Des dés ? Oui, des dés. Ce jeu peut s'appeler « One Deck Galaxy », mais pour être tout à fait exact, il s'appellerait « One Deck and A Whole Heap of Dice Galaxy », même si ça ne roule pas exactement sous la langue. Les dés sont vos ressources et vous permettront d'explorer la galaxie, de résoudre des rencontres extraterrestres difficiles, de construire votre flotte et vos connaissances scientifiques et, espérons-le, de vaincre votre Adversaire galactique. Mais cela prendra du temps ; et de la détermination ; et beaucoup, beaucoup de dés.

Ce n'est qu'une phase…

Chaque tour se compose de quatre phases : la phase de l'adversaire, la phase de découverte, la phase d'action et la phase de résultats. Dans la phase de l'adversaire, l'adversaire fait son truc, ce qui varie selon l'adversaire, mais inclura toujours la défausse d'un certain nombre de cartes du paquet, l'ajout de cartes aux rencontres et l'« escalade » de ses plans néfastes – par exemple, les Neeble-Woobers ajouteront une carte à leurs colonies tous les trois tours ou lanceront un certain nombre de dés correspondant à leurs ressources coloniales et conserveront tous les dés qui ont dépassé leur niveau (augmenté au fur et à mesure qu'ils sont affaiblis par vos attaques). Cela peut devenir assez irritant au fur et à mesure que le jeu progresse, mais vous pouvez toujours récupérer les dés et/ou les jetons de capacité… moyennant un prix. C'est également le moment où l'adversaire peut atteindre son point de « submersion » – par exemple, pour que les Neeble-Woobers submergent la Fédération, ils doivent avoir le double du nombre de colonies par rapport au niveau de la civilisation. À ce moment-là, tout est fini.

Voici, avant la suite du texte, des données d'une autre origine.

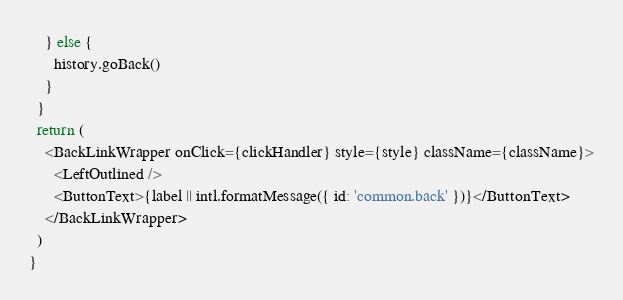<code> <loc_0><loc_0><loc_500><loc_500><_TypeScript_>    } else {
      history.goBack()
    }
  }
  return (
    <BackLinkWrapper onClick={clickHandler} style={style} className={className}>
      <LeftOutlined />
      <ButtonText>{label || intl.formatMessage({ id: 'common.back' })}</ButtonText>
    </BackLinkWrapper>
  )
}
</code> 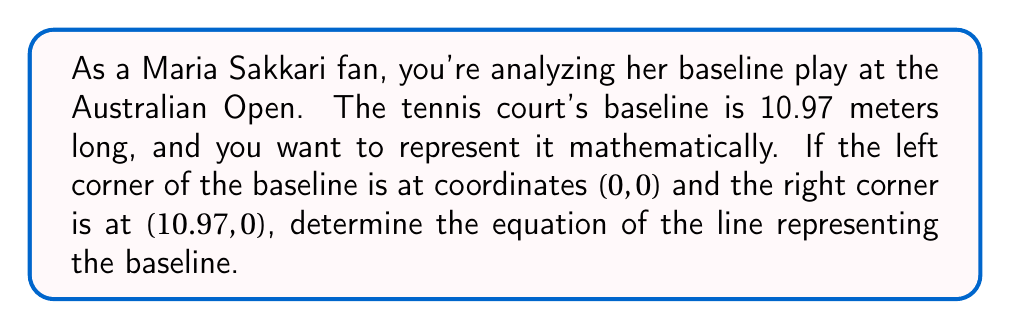Could you help me with this problem? Let's approach this step-by-step:

1) The baseline is a horizontal line, which means its slope is 0.

2) We can use the point-slope form of a line equation:
   $y - y_1 = m(x - x_1)$
   Where $m$ is the slope, and $(x_1, y_1)$ is a point on the line.

3) We know:
   - Slope $m = 0$
   - A point on the line: $(0, 0)$

4) Substituting these into the point-slope form:
   $y - 0 = 0(x - 0)$

5) Simplifying:
   $y = 0$

6) This makes sense because for any $x$ value along the baseline, the $y$ coordinate will always be 0.

7) We can verify this with the right corner point (10.97, 0):
   $0 = 0$ (true for $x = 10.97$)

Therefore, the equation $y = 0$ represents the baseline of the tennis court.
Answer: $y = 0$ 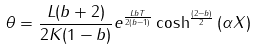Convert formula to latex. <formula><loc_0><loc_0><loc_500><loc_500>\theta = \frac { L ( b + 2 ) } { 2 K ( 1 - b ) } e ^ { \frac { L b T } { 2 ( b - 1 ) } } \cosh ^ { \frac { ( 2 - b ) } { 2 } } { ( \alpha X ) }</formula> 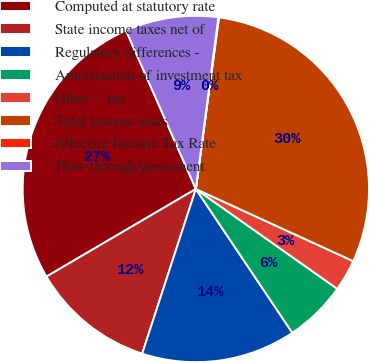Convert chart. <chart><loc_0><loc_0><loc_500><loc_500><pie_chart><fcel>Computed at statutory rate<fcel>State income taxes net of<fcel>Regulatory differences -<fcel>Amortization of investment tax<fcel>Other -- net<fcel>Total income taxes<fcel>Effective Income Tax Rate<fcel>Flow-through/permanent<nl><fcel>26.84%<fcel>11.55%<fcel>14.42%<fcel>5.81%<fcel>2.94%<fcel>29.71%<fcel>0.06%<fcel>8.68%<nl></chart> 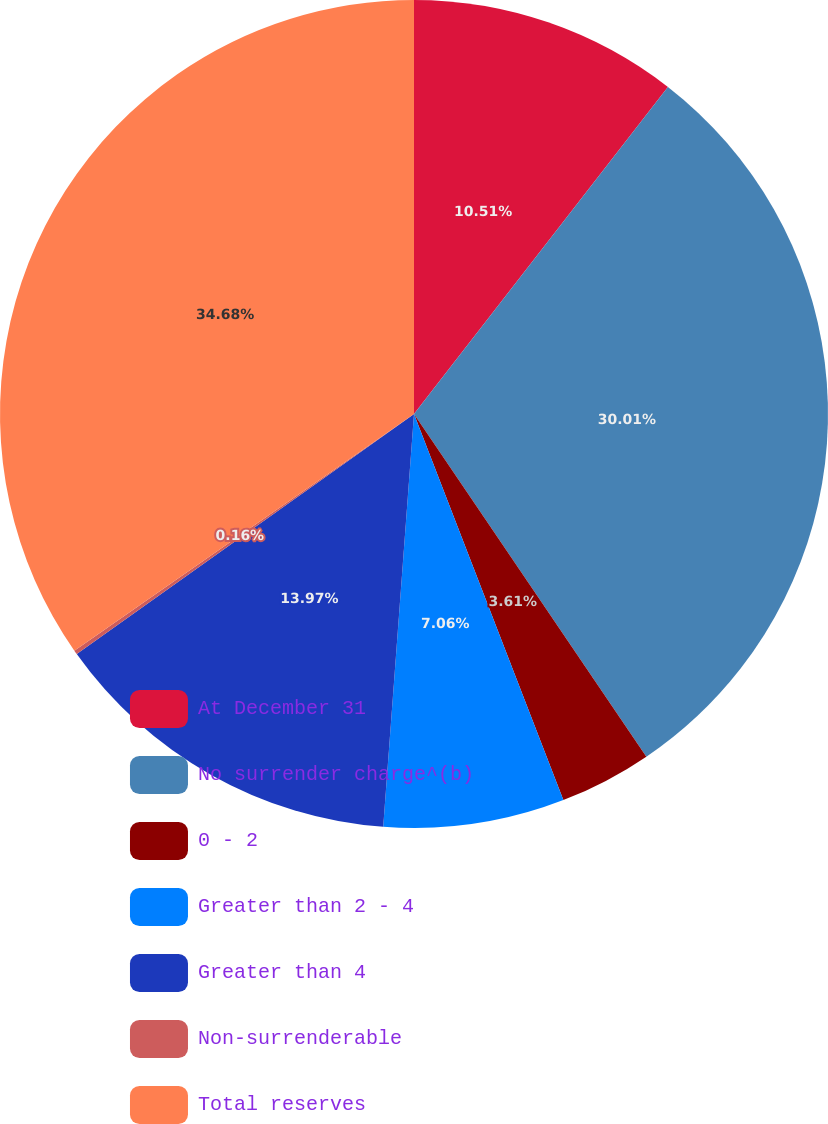<chart> <loc_0><loc_0><loc_500><loc_500><pie_chart><fcel>At December 31<fcel>No surrender charge^(b)<fcel>0 - 2<fcel>Greater than 2 - 4<fcel>Greater than 4<fcel>Non-surrenderable<fcel>Total reserves<nl><fcel>10.51%<fcel>30.01%<fcel>3.61%<fcel>7.06%<fcel>13.97%<fcel>0.16%<fcel>34.69%<nl></chart>

Bien sûr, cela n'arrivera pas avant un certain temps. Si ce n'est pas encore arrivé, alors il est temps de faire des découvertes. Dans la phase de découverte, des cartes sont jouées du paquet jusqu'à ce que quatre cartes soient révélées au milieu de la table. Ces cartes seront soit des Lieux, soit des Rencontres. Les Lieux ont deux endroits où les dés et les objets peuvent être alloués, selon certaines conditions (par exemple, pas de dés de même valeur, etc.) afin de gagner de l'influence sur ce Lieu – une fois qu'assez d'influence a été placée sur ce Lieu (ce qui varie d'un Lieu à l'autre), le Lieu est obtenu soit comme Colonie (ajoutant des dés et des jetons à la réserve du joueur), soit comme Technologie (ajoutant une capacité qui peut être activée pour ajuster les dés, ajouter des dés de différentes couleurs, ajouter des flottes, etc.). Les Rencontres sont des événements qui nécessitent qu'une certaine valeur de dés de différentes couleurs y soit placée pour compléter la rencontre. Une fois complétée, cela peut aussi devenir une Colonie ou une Technologie.

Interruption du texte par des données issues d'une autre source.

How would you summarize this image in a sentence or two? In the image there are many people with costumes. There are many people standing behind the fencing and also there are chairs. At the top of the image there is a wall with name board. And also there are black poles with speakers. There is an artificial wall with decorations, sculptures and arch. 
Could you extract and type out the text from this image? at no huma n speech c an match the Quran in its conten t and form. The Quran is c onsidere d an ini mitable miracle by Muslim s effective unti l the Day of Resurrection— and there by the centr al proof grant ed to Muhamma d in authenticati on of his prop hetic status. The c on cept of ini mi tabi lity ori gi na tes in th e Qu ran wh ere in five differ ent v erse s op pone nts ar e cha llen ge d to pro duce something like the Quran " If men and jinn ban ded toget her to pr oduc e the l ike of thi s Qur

Contrairement aux Lieux, les Rencontres ont un temps limité pour être complétées – une fois qu'elles ont trois influences sur elles, avec une placée à chaque phase de l'Adversaire, elles provoquent l'escalade de l'Adversaire et causent des ennuis d'une manière ou d'une autre. Tout n'est pas perdu cependant, car une Rencontre échouée devient une recherche scientifique. Ce qui est une bonne chose.

Dans la phase suivante (la phase d'Action), vous allez pouvoir lancer les dés ! Rassemblez autant de vos dés de ressources et de marqueurs de capacité que possible disponibles dans la réserve en fonction de vos ressources de Colonie et LANCEZ LES DÉS ! Vous pouvez également activer certaines capacités avec vos marqueurs pour obtenir des dés supplémentaires de différentes couleurs ou relancer des dés, ou vous pouvez utiliser certaines capacités ou échanger des dés contre des dés noirs. Ce sont essentiellement des dés de n'importe quelle couleur et très utiles pour compléter ou remplir les critères d'affectation. Vous pouvez maintenant assigner des dés aux Rencontres et Lieux révélés dans la Phase de Découverte, à votre Adversaire ou à votre Base Spatiale. Nous avons déjà examiné les Rencontres et les Lieux, mais l'Adversaire et la Base Spatiale nécessitent un peu d'explication car ils sont nouveaux. Enfin, presque.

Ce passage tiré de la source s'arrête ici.